Sunday, 12 October 2014

Location, Location, Location...

The flip side to adventuring is when you’re not under the ground grubbing around for coins, but out in the air, in the places where people only dream of.  I believe that more than half of any game that we ever play is enjoyable because of the scenery, no one plays because they want to go walking around Barnsley, that’s something they can do themselves, why would they want to do that in game?  People play because they want to go out to places no one’s been before, to wonderous, mythical places and see what they find there.

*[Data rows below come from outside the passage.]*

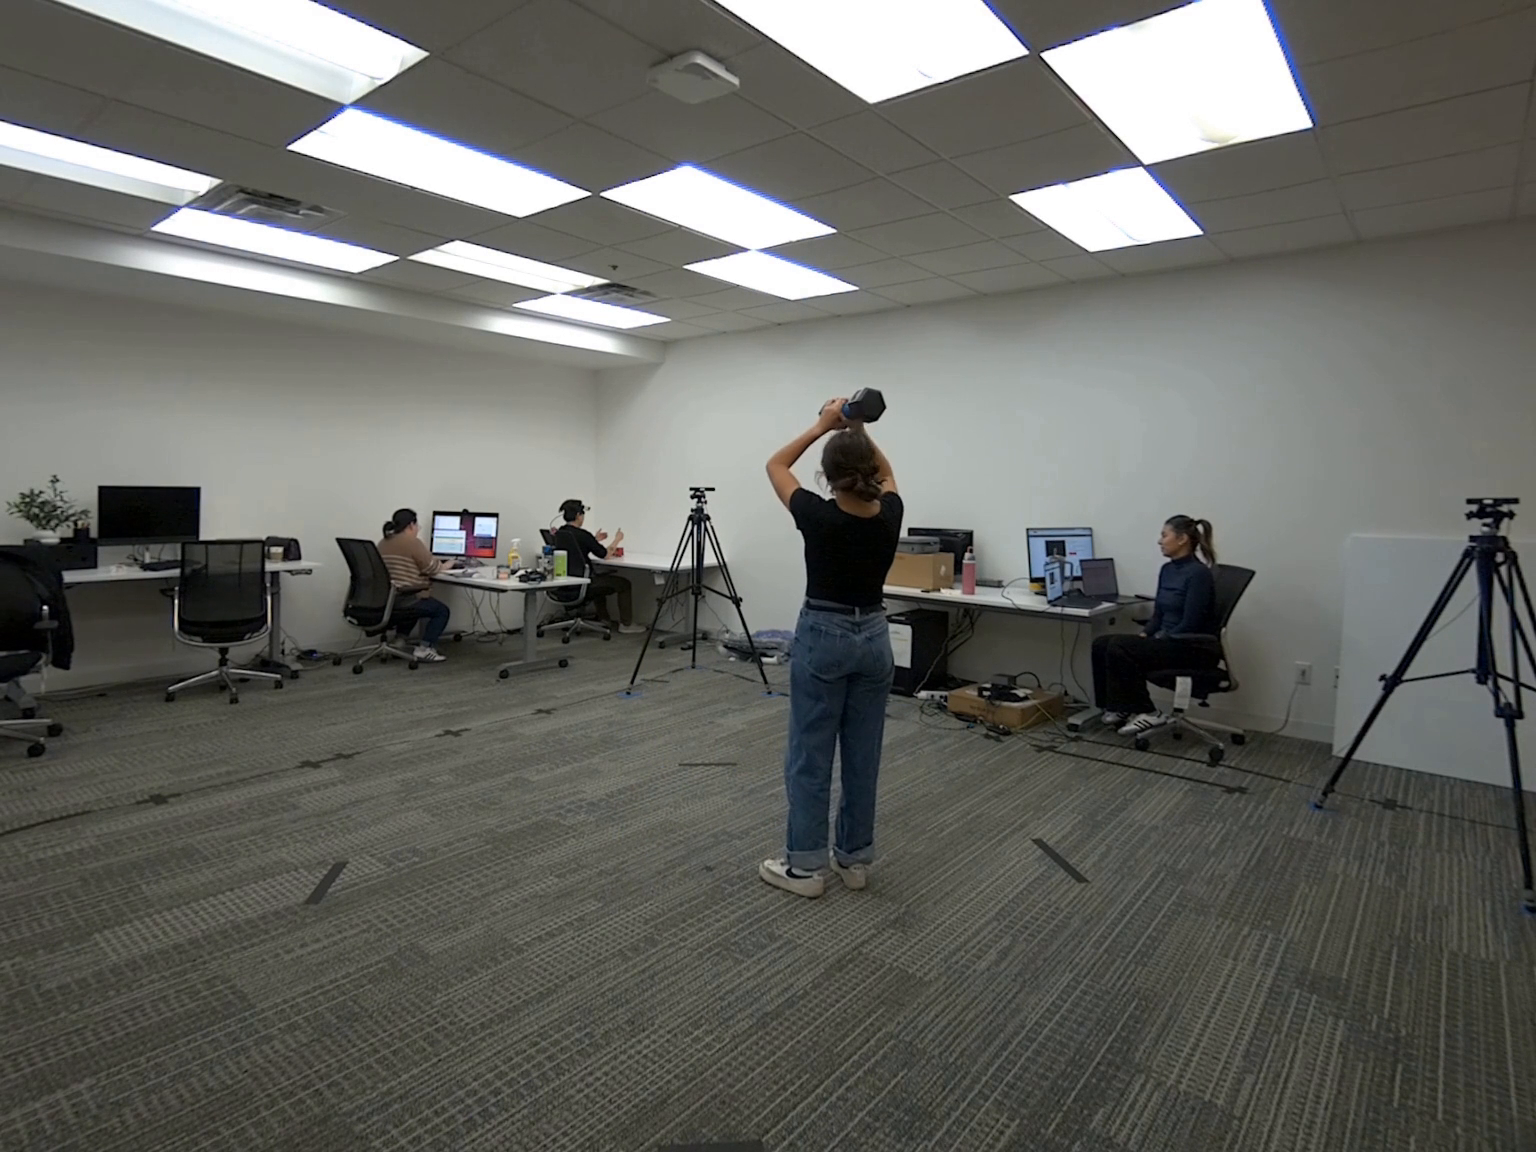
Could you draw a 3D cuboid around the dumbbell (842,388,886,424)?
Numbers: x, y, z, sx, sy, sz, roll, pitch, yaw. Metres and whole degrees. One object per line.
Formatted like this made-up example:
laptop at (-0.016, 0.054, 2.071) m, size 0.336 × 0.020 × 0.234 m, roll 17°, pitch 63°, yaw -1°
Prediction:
dumbbell at (0.287, -0.594, 3.034) m, size 0.108 × 0.121 × 0.300 m, roll -27°, pitch 11°, yaw -20°
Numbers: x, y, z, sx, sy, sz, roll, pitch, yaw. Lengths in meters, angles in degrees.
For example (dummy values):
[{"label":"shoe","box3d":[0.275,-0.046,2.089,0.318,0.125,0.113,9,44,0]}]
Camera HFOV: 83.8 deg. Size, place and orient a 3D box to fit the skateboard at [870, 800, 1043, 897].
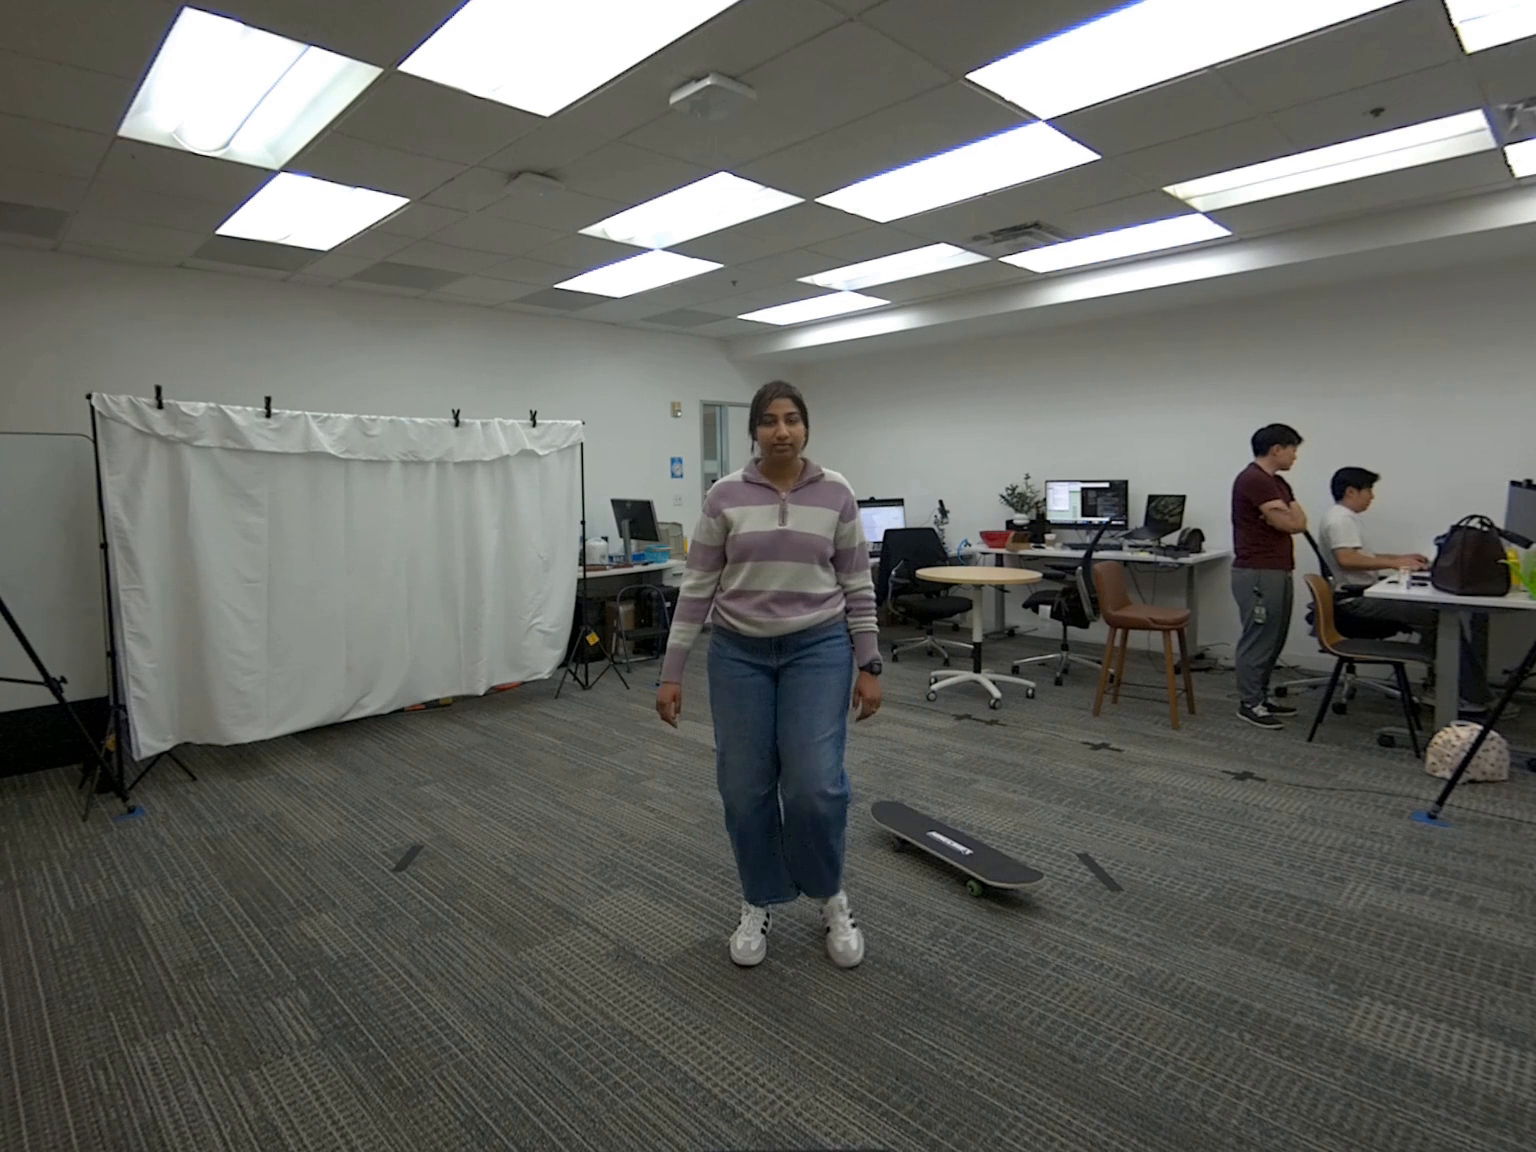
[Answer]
[{"label":"skateboard","box3d":[0.648,0.984,3.051,0.189,0.110,0.807,-5,7,-30]}]
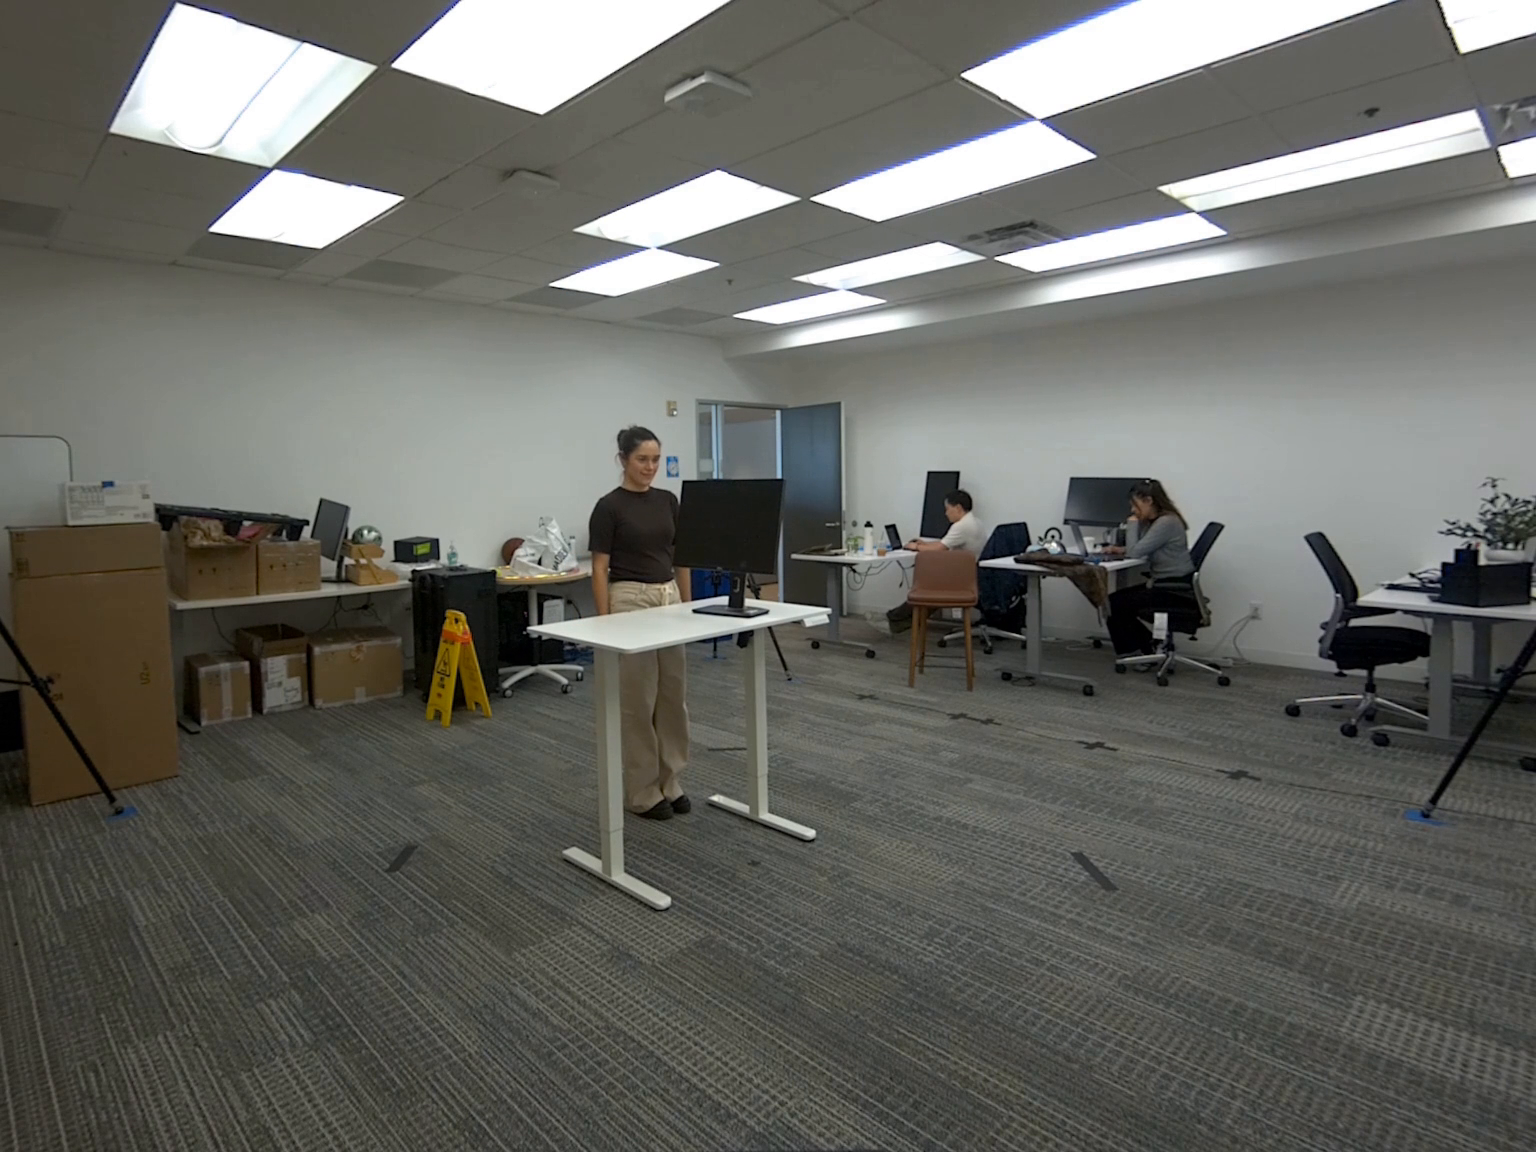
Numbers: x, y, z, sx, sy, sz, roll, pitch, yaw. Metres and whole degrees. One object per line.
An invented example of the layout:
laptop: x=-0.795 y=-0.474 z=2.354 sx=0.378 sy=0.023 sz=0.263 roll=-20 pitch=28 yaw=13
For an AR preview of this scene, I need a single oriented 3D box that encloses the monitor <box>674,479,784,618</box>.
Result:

And so it is with me, but I always believe that the places that are so different as to be unbelievable lack a certain something when it comes to having your character run around them.  Take a look at the Labyrinth from Labyrinth, an interesting place of many different types of encounter, but when you got to the end, things got a little....

Weird...
 
And I'm not talking about Bowie's Pants, although....
Throughout the whole film, everything had been squarely rooted in things that could be possible, which for me made them all the more real, and that’s how I’ve always looked at locations when it comes to providing things for people to go running around in.

Could it be real?  Is the question that needs to be asked.

There’s plenty of inspiration out in the world, and it’s often when you look out there that you find these things, things built that probably made sense at the time, but have since been affected by time and nature in ways that were never envisaged by their creators.  Most of the time, adventurers are dealing with reasonably mundane things, so it’s important to make sure that from time to time the sense of wonder is retained, so that the whole world doesn’t seem like Search, Loot, Repeat…

For me, it’s those things that make you wonder what the creator was considering when they made it, the things that someone obviously built, but for the life of you, you can’t figure out why…

Such as completely man made islands when there’s land easily within range.


A house built in a place that would be suited to holding an emergency shelter rather than a full sized house.


Train stations that were so busy being built that they didn’t check that the trains would fit in them…


And other such places, these are the things where people were so busy proving that they could build them that they didn’t stop to ask if they should. I have impossible places in my worlds, but they’re impossible for a very good reason, and they’re very few and far between when it comes down to it.  Selvarin is known as the impossible city and takes a good number of its cues from the works of Escher, but it’s a city where an uncontrolled outbreak of magic twisted the reality within the city boundaries and continues to do so to this day.

Most places I have are simple in their nature, but the larger cities, castles, and hideouts tend to have the more mundane parts of them taken away and replaced with things that would prove unique or interesting, because if every place was built the same, the only thing you’ve got in it is different people and I know that a lot of people think that the whole of Roleplaying is about the interaction between people.  I’m not decided on that, it’s possible to involve people in a game far more when they find it interesting than when they’re just going through the motions.   

Sometimes it’s the change in circumstances that make a place interesting, a city that was built below the level of the sea that steadily sank, leaving it untouched and intact, but forever out of the reach of those who once lived there.


A Mill built in a gap between three large hills, eventually left behind because it was too difficult to move the product out and get more resources in there. 


And as with the underground things, the question is asked, what do you do with the places like this?   

Unlike the dungeons, intact buildings above ground can attract anything, because for the most part, you don’t need to have special abilities like seeing in the dark or breathing toxic air to survive down there.  You can come and go as you please, and in many cases, there’s a number of exits that you can get out of when someone does come raiding and you don’t end up barricading yourself in and hoping that they don’t have a Cave Troll…


So the question today, is what do people use for their own interesting places?